→ Your assignment
Copy everything in the records, character for character, except images.

→ Provided data
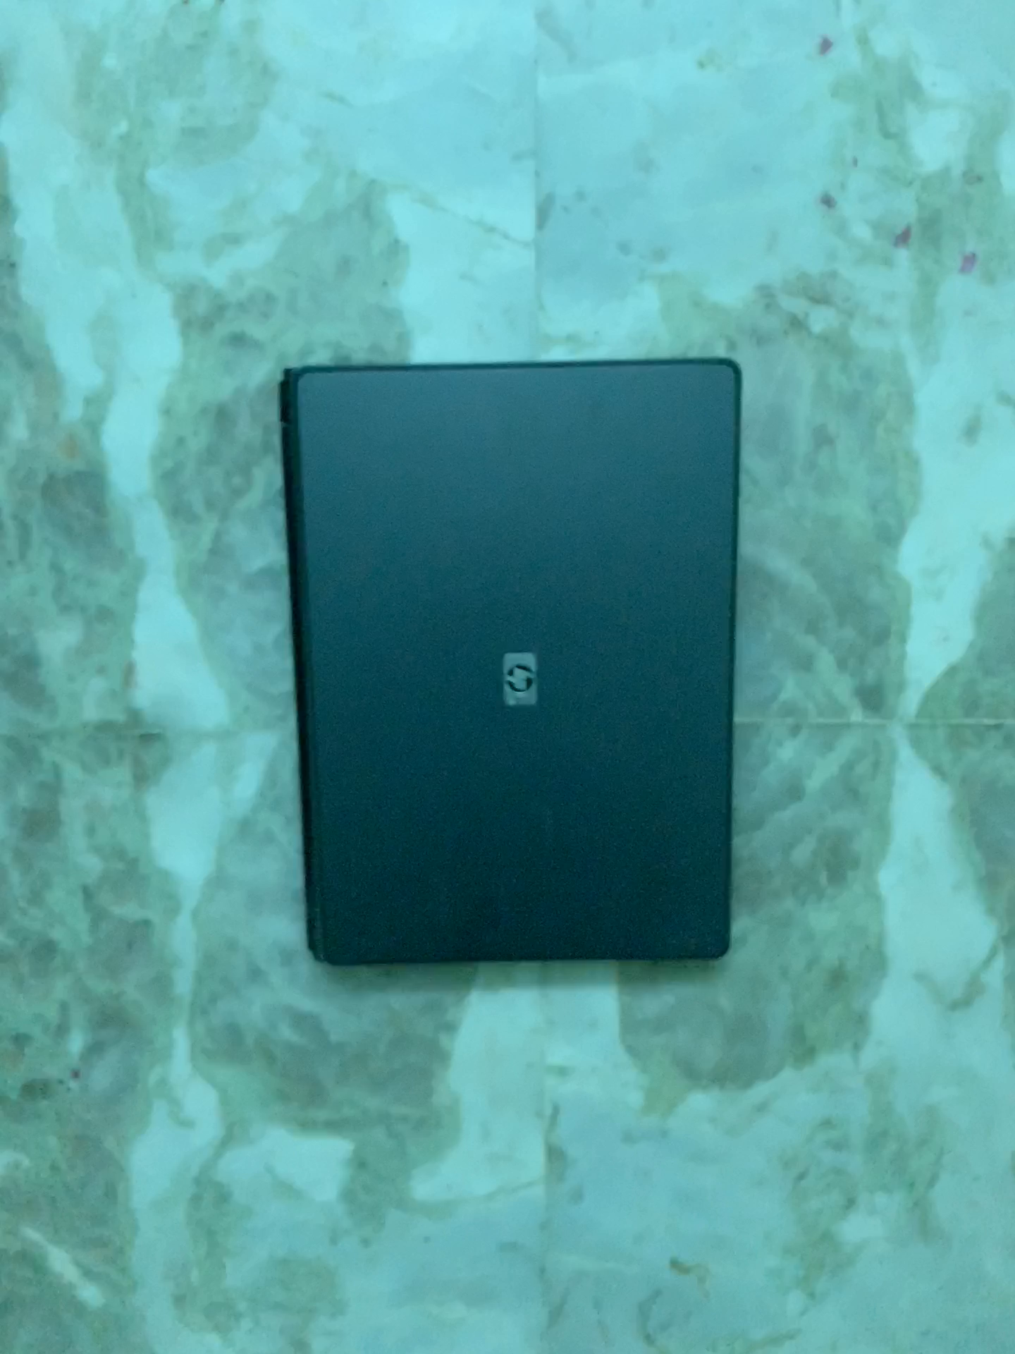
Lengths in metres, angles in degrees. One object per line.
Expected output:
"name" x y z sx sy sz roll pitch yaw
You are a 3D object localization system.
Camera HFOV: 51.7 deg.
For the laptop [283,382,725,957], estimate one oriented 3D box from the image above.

→ Response box
Lengths in metres, angles in degrees. One object per line.
Expected output:
"name" x y z sx sy sz roll pitch yaw
You are a 3D object localization system.
Camera HFOV: 51.7 deg.
For the laptop [283,382,725,957], estimate one oriented 3D box from the image above.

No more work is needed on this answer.